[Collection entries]

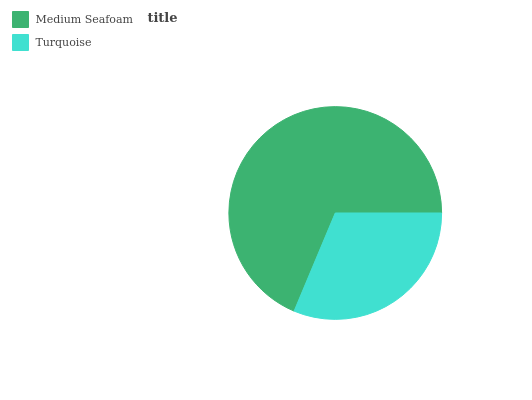Is Turquoise the minimum?
Answer yes or no. Yes. Is Medium Seafoam the maximum?
Answer yes or no. Yes. Is Turquoise the maximum?
Answer yes or no. No. Is Medium Seafoam greater than Turquoise?
Answer yes or no. Yes. Is Turquoise less than Medium Seafoam?
Answer yes or no. Yes. Is Turquoise greater than Medium Seafoam?
Answer yes or no. No. Is Medium Seafoam less than Turquoise?
Answer yes or no. No. Is Medium Seafoam the high median?
Answer yes or no. Yes. Is Turquoise the low median?
Answer yes or no. Yes. Is Turquoise the high median?
Answer yes or no. No. Is Medium Seafoam the low median?
Answer yes or no. No. 
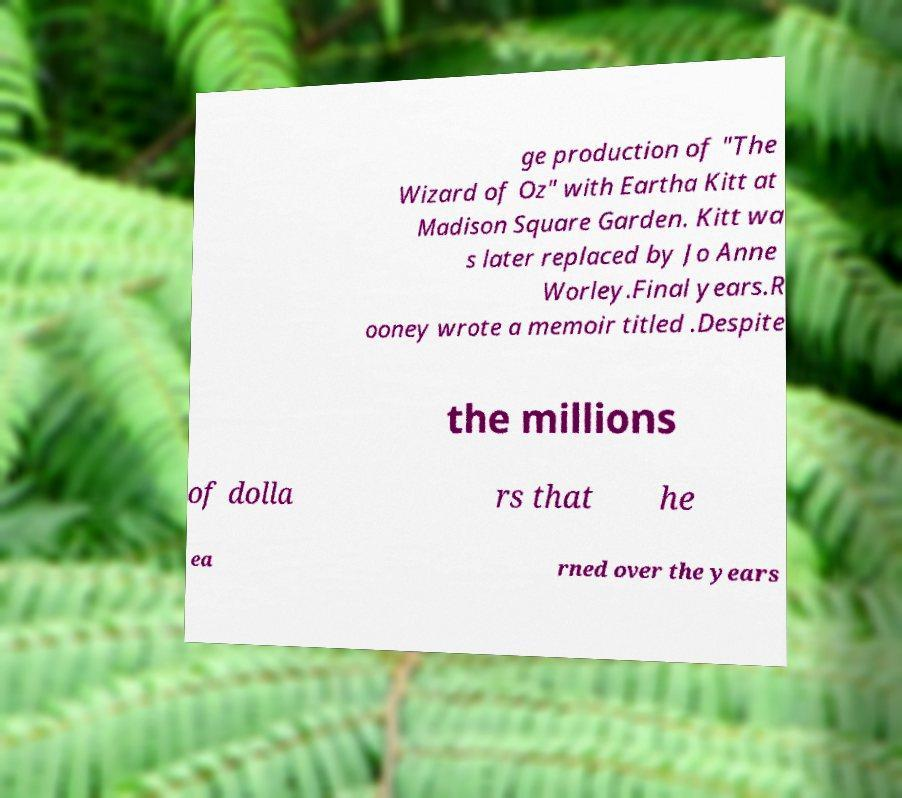Could you extract and type out the text from this image? ge production of "The Wizard of Oz" with Eartha Kitt at Madison Square Garden. Kitt wa s later replaced by Jo Anne Worley.Final years.R ooney wrote a memoir titled .Despite the millions of dolla rs that he ea rned over the years 
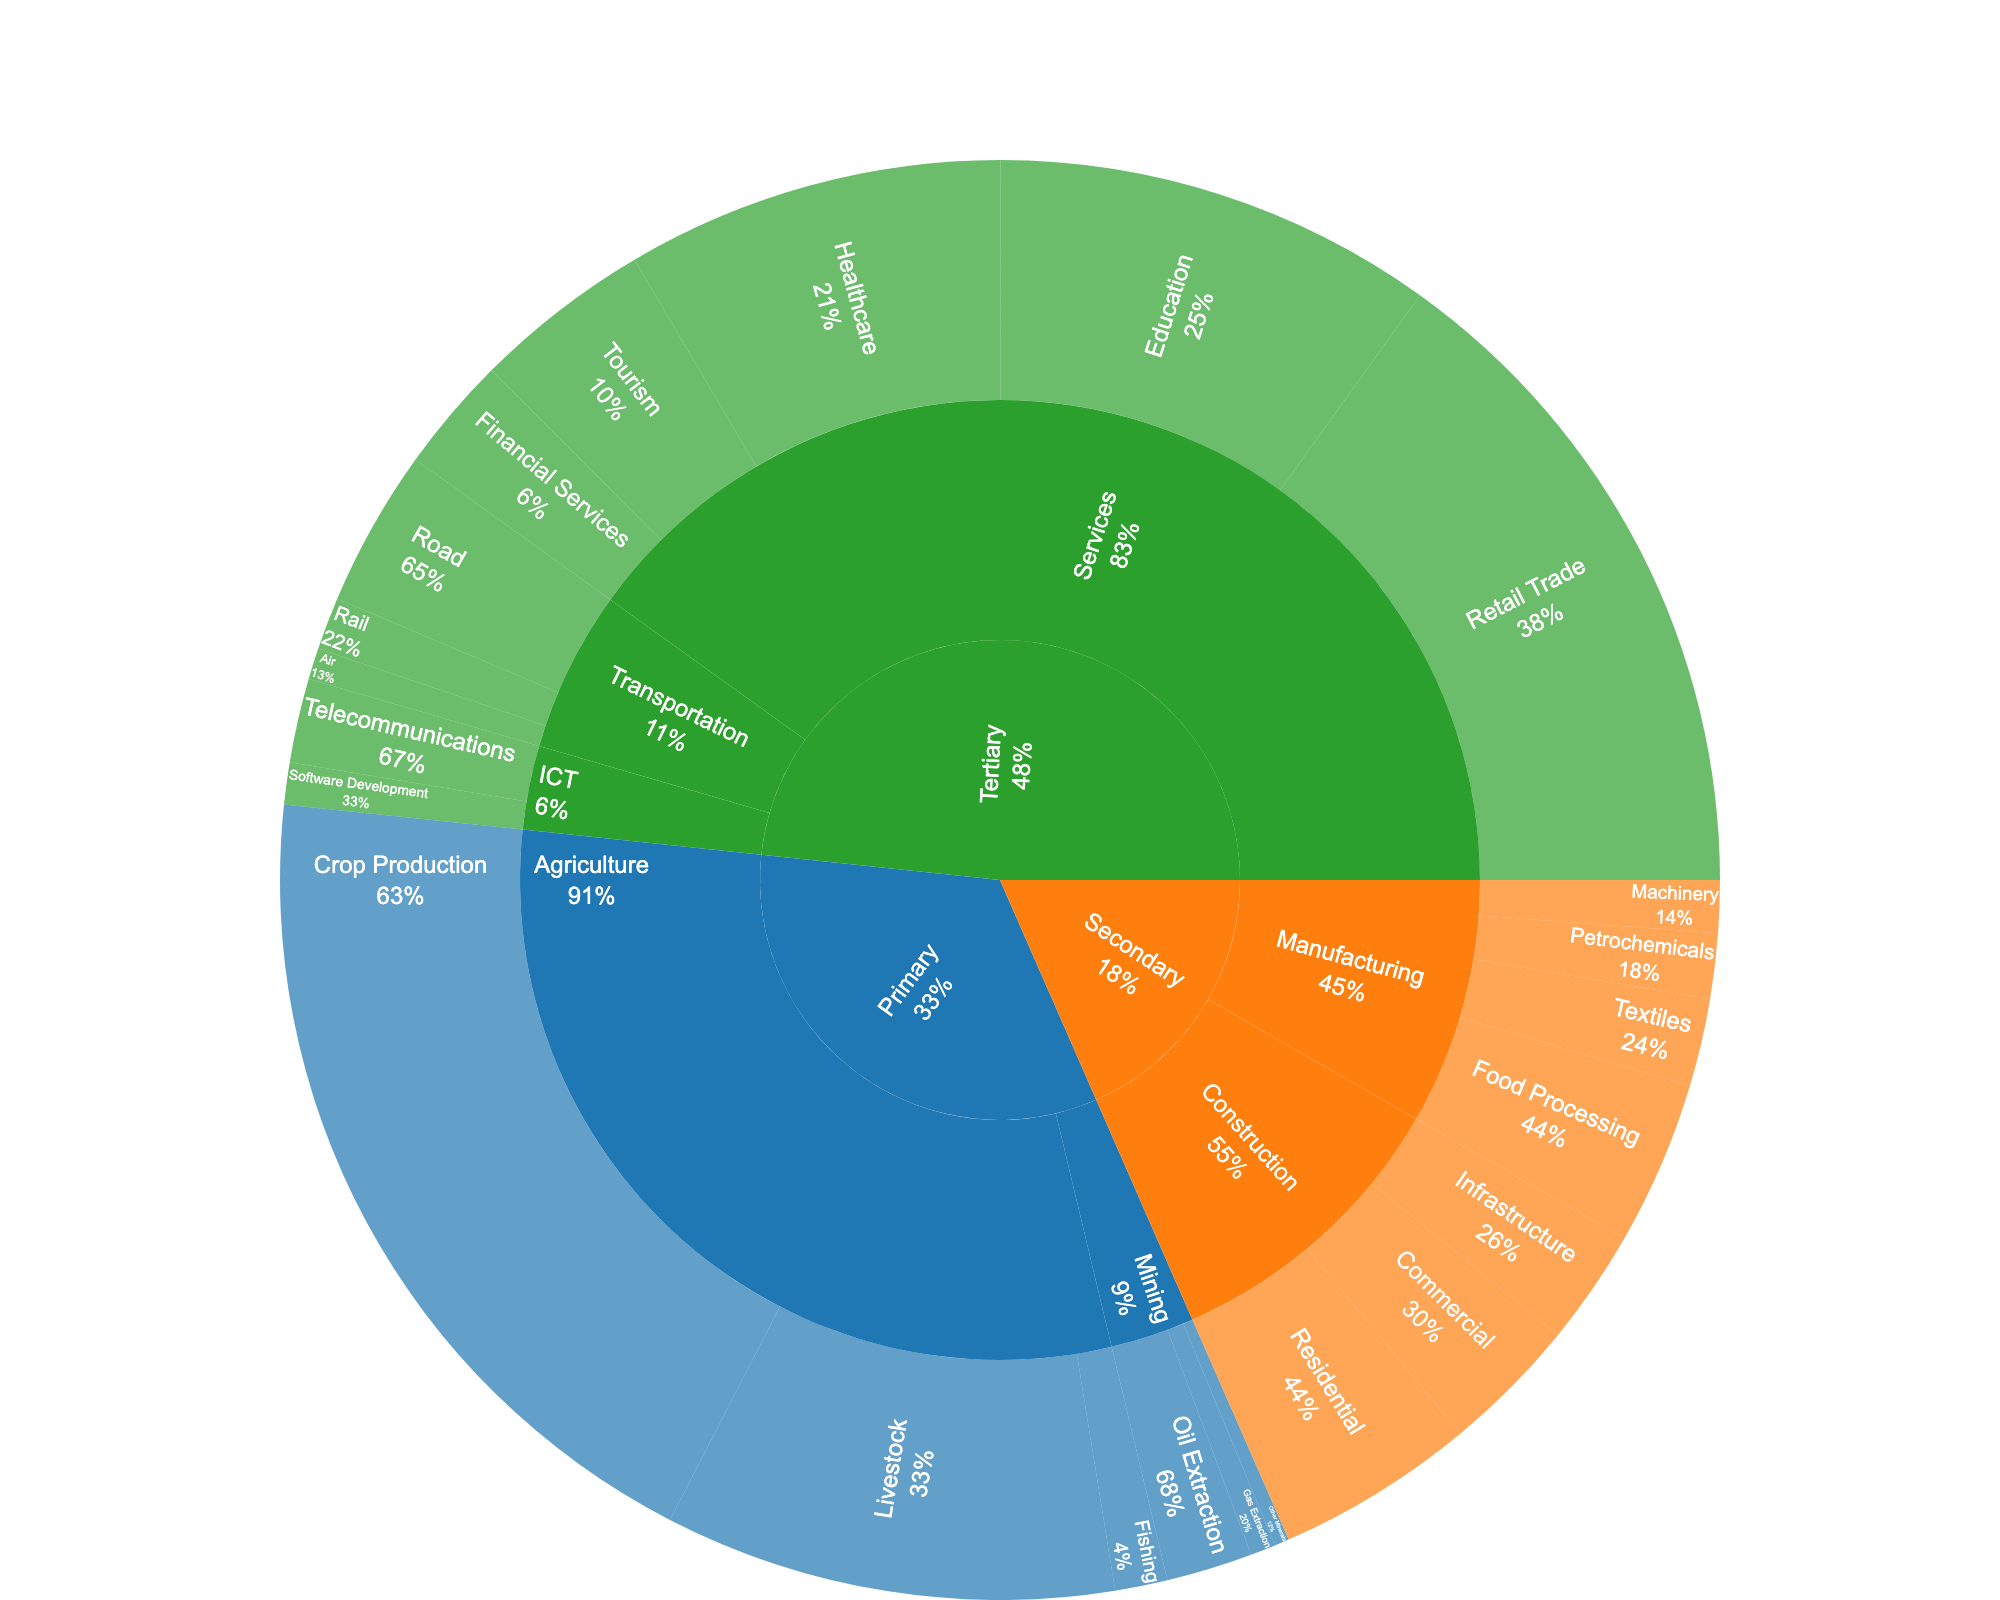what is the title of the figure? The title of the chart is displayed at the top of the sunburst plot. It provides a succinct description of what the chart is depicting.
Answer: Economic Sectors of Azerbaijan by Industry and Employment Which sector has the highest employment? The sunburst plot uses different colors to represent different sectors. The size of each sector's segment correlates with the employment figures. By examining the plot, one can see that the sector with the largest segment has the highest employment.
Answer: Tertiary What is the total employment in the Primary sector? To find the total employment, sum up the employment figures for all sub-industries within the Primary sector. Crop Production (405,000) + Livestock (215,000) + Fishing (25,000) + Oil Extraction (41,000) + Gas Extraction (12,000) + Other Minerals (7,000) = 705,000.
Answer: 705,000 Which sub-industry within the Services industry employs the most people? By drilling down into the Services industry segment of the sunburst plot, one can compare the employment figures for each sub-industry within Services. The sub-industry with the largest segment (in terms of size and percentage) employs the most people.
Answer: Retail Trade How does the employment in the Manufacturing industry compare to that in the Construction industry? Within the Secondary sector, compare the sum of the employment figures in the Manufacturing industry to those in the Construction industry. Manufacturing (78,000 + 42,000 + 31,000 + 25,000) = 176,000 and Construction (95,000 + 65,000 + 55,000) = 215,000.
Answer: Manufacturing has less employment than Construction Are there more employees in Agriculture or ICT? Compare the total employment figures for the Agriculture and ICT industries. Agriculture (405,000 + 215,000 + 25,000) = 645,000; ICT (40,000 + 20,000) = 60,000.
Answer: Agriculture What percentage of employment in the Tertiary sector is from the Retail Trade sub-industry? First, determine the total employment in the Tertiary sector by summing all its sub-industries. Then, calculate the percentage by dividing the Retail Trade employment by the Tertiary sector total and multiplying by 100. Tertiary total (320,000 + 85,000 + 55,000 + 210,000 + 180,000 + 75,000 + 25,000 + 15,000 + 40,000 + 20,000) = 1,025,000; (320,000 / 1,025,000) * 100 ≈ 31.2%.
Answer: Approximately 31.2% What is the least represented sub-industry in terms of employment within the Primary sector? In the Primary sector, compare the employment figures for each sub-industry. The sub-industry with the smallest segment and number is the least represented in terms of employment.
Answer: Other Minerals Which sector has a more diverse distribution of employment across its industries: Primary or Tertiary? By examining the sunburst plot, diversity in employment distribution is indicated by similar segment sizes across different industries within a sector. The Primary sector shows large differences in sub-industry employment, whereas the Tertiary sector segments are more evenly distributed in size.
Answer: Tertiary What is the employment difference between the largest and smallest sub-industries in the Secondary sector? Identify the largest (Residential Construction with 95,000) and smallest (Machinery with 25,000) sub-industries in the Secondary sector and subtract the smallest employment figure from the largest. 95,000 - 25,000 = 70,000.
Answer: 70,000 
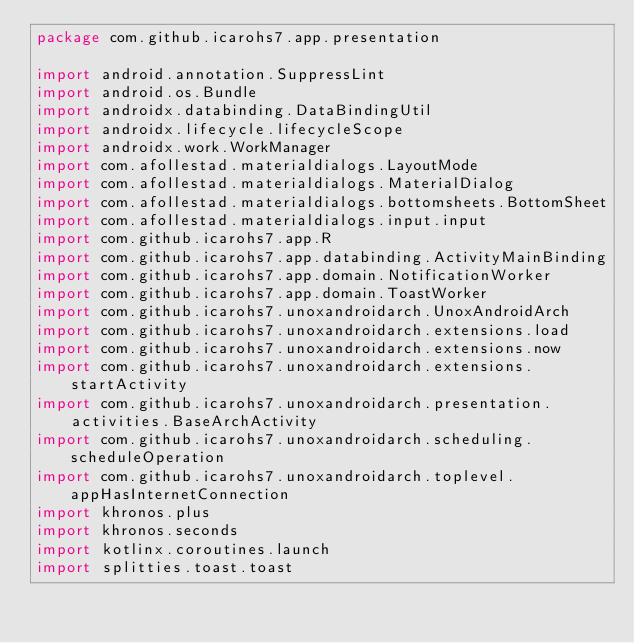<code> <loc_0><loc_0><loc_500><loc_500><_Kotlin_>package com.github.icarohs7.app.presentation

import android.annotation.SuppressLint
import android.os.Bundle
import androidx.databinding.DataBindingUtil
import androidx.lifecycle.lifecycleScope
import androidx.work.WorkManager
import com.afollestad.materialdialogs.LayoutMode
import com.afollestad.materialdialogs.MaterialDialog
import com.afollestad.materialdialogs.bottomsheets.BottomSheet
import com.afollestad.materialdialogs.input.input
import com.github.icarohs7.app.R
import com.github.icarohs7.app.databinding.ActivityMainBinding
import com.github.icarohs7.app.domain.NotificationWorker
import com.github.icarohs7.app.domain.ToastWorker
import com.github.icarohs7.unoxandroidarch.UnoxAndroidArch
import com.github.icarohs7.unoxandroidarch.extensions.load
import com.github.icarohs7.unoxandroidarch.extensions.now
import com.github.icarohs7.unoxandroidarch.extensions.startActivity
import com.github.icarohs7.unoxandroidarch.presentation.activities.BaseArchActivity
import com.github.icarohs7.unoxandroidarch.scheduling.scheduleOperation
import com.github.icarohs7.unoxandroidarch.toplevel.appHasInternetConnection
import khronos.plus
import khronos.seconds
import kotlinx.coroutines.launch
import splitties.toast.toast</code> 
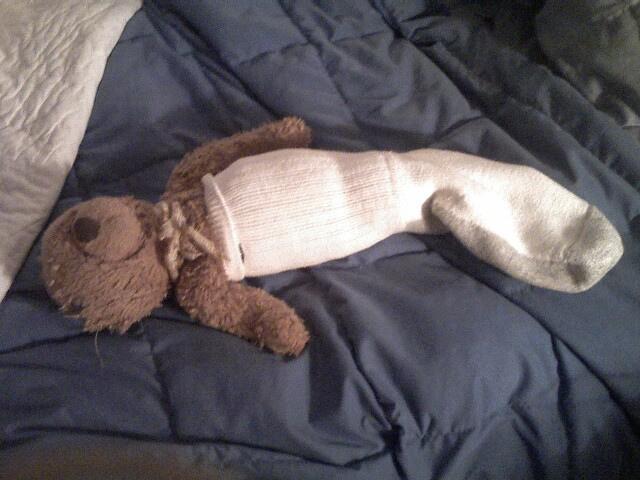How many stuffed animals are there?
Give a very brief answer. 1. 
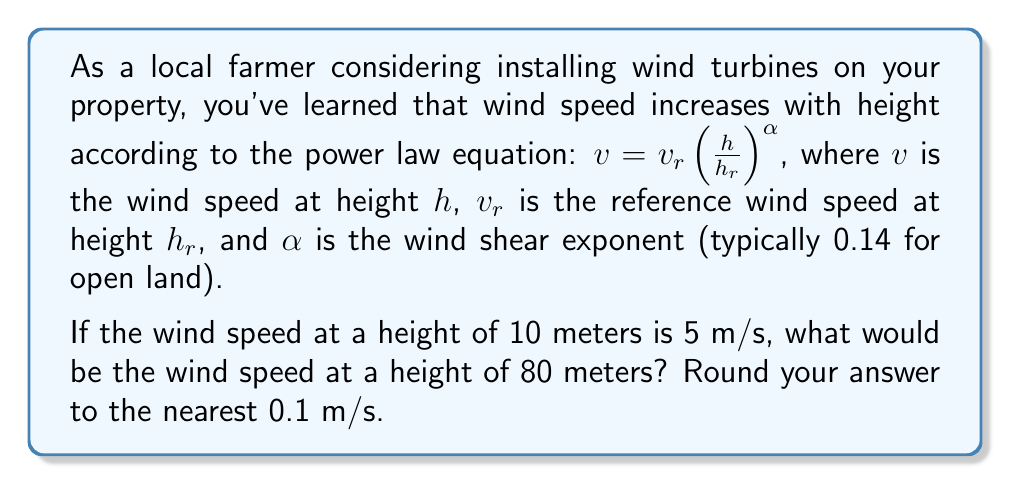Help me with this question. To solve this problem, we'll use the power law equation:

$v = v_r (\frac{h}{h_r})^α$

Given:
- $v_r = 5$ m/s (reference wind speed)
- $h_r = 10$ m (reference height)
- $h = 80$ m (height we're calculating for)
- $α = 0.14$ (wind shear exponent for open land)

Let's substitute these values into the equation:

$v = 5 (\frac{80}{10})^{0.14}$

Now, let's solve step by step:

1) First, calculate the fraction inside the parentheses:
   $\frac{80}{10} = 8$

2) Our equation now looks like:
   $v = 5 (8)^{0.14}$

3) Calculate $8^{0.14}$ using a calculator:
   $8^{0.14} ≈ 1.3095$

4) Multiply this by 5:
   $v = 5 * 1.3095 = 6.5475$ m/s

5) Rounding to the nearest 0.1 m/s:
   $v ≈ 6.5$ m/s
Answer: The wind speed at a height of 80 meters would be approximately 6.5 m/s. 
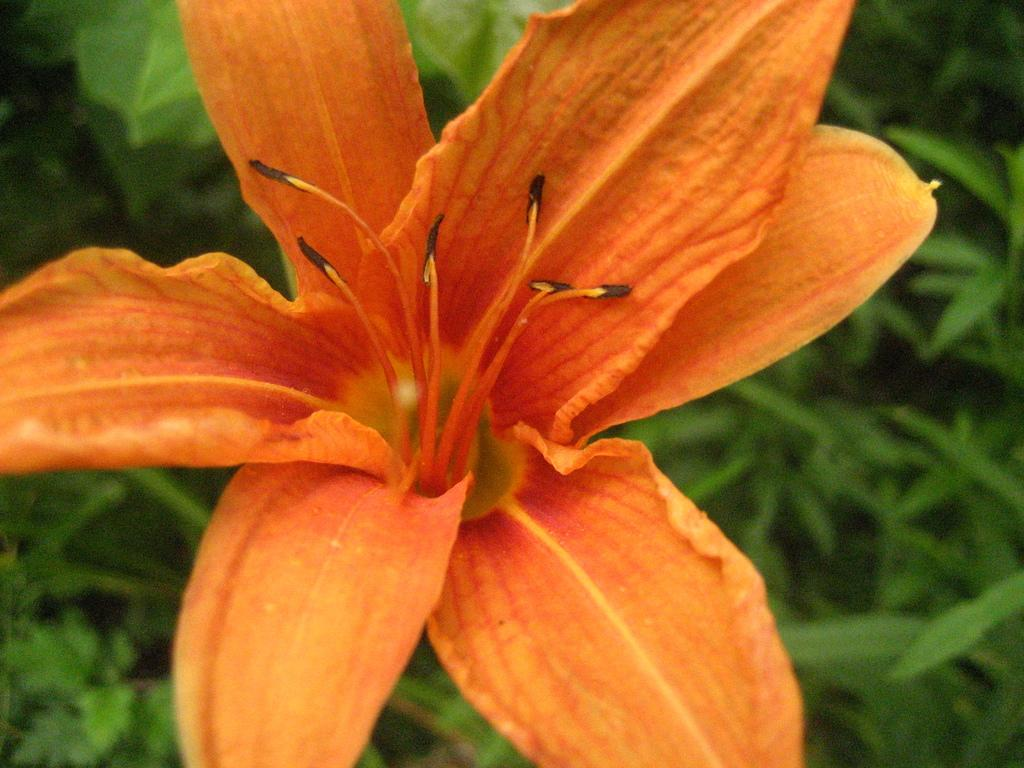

Directions: Copy out every line of the data that includes the word "greater".

Response:
Answer yes or no. No. Is Medium Seafoam greater than Turquoise?
Answer yes or no. Yes. Is Turquoise greater than Medium Seafoam?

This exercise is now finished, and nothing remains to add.